The Congress is in no mood to support the controversial land acquisition ordinance but may back the economic reform bill related to Goods and Services Tax (GST).
Speaking to MAIL TODAY, Leader of the Opposition in the Rajya Sabha Ghulam Nabi Azad said: "There will be no compromise on the land bill."
However, sources said the Congress supports the GST Bill in principle as the previous UPA government was also in favour of passing the tax reform legislation, but had objected only to the way the government bypassed procedures while bringing it in the Lok Sabha last week.
Sources said the government managers are weighing the options on the controversial land acquisition ordinance in the wake of Congress vice-president Rahul Gandhi launching a nationwide protest to brand the legislation as anti-farmer.

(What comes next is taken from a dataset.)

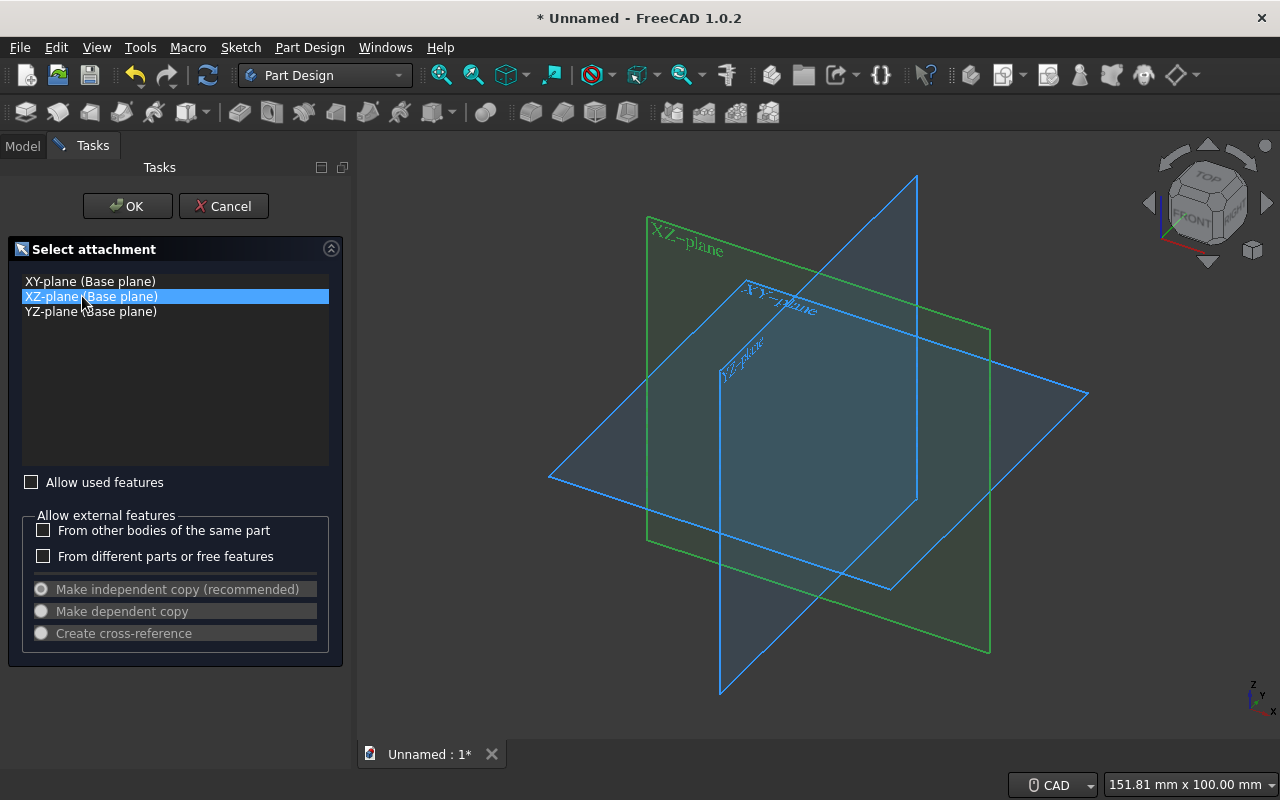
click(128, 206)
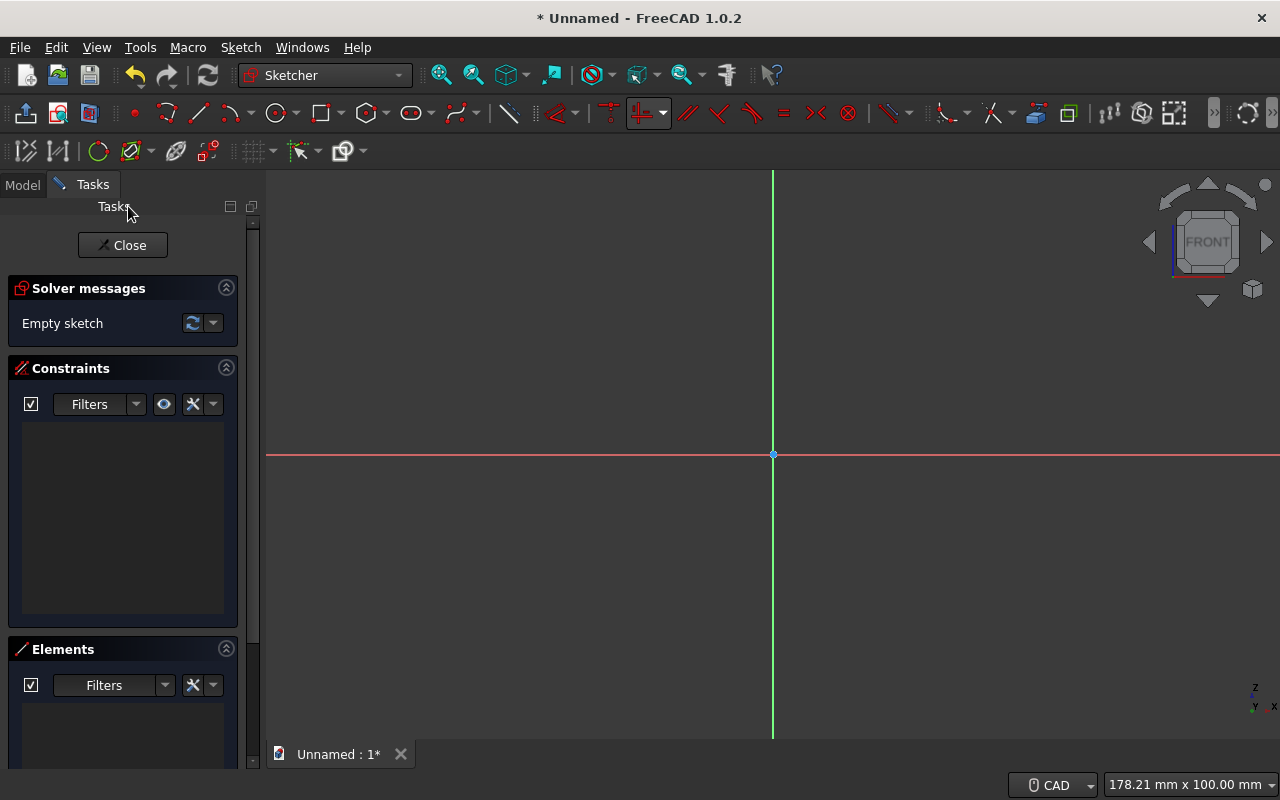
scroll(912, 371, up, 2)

Even as Rahul mounted his attacks on the government over the land ordinance, Minister of State for Parliamentary Affairs Rajiv Pratap Rudy had told the Lok Sabha last week that the government will bring a bill to replace the land ordinance before the second half of the Budget session ends on May 8.
For the government managers, it is like a replay of the first half of the session when the government was able to pass the legislation in the Lok Sabha, where it enjoy a majority, but could not take it to the Rajya Sabha, where it lacks in strength.
The situation has not altered since then.
Sources said the only option for the government to pass the legislation is through a joint sitting of both the houses of Parliament. But for that, the Bill has to be passed in one house and rejected in the other.
"It is for the parliament to decide," Parliamentary Affairs Minister M. Venkaiah Naidu said when asked if a joint sitting was on the government's mind.
Sources said the Opposition doesn't want the land ordinance to get rejected in the upper house and would rather prefer to keep it in abeyance.
The government is aware that besides the Congress, parties like the Left, TMC, NCP and even NDA ally Shiv Sena have reservations on the land ordinance.
"There is a lot of reflection within the government on the land bill," said CPI-M leader Sitaram Yechury.
Amid reports of wide spread rural distress due crop damaged by unseasonal rains and poor compensation by the respective state governments, the government may have to rethink its strategy on the issue, said the sources.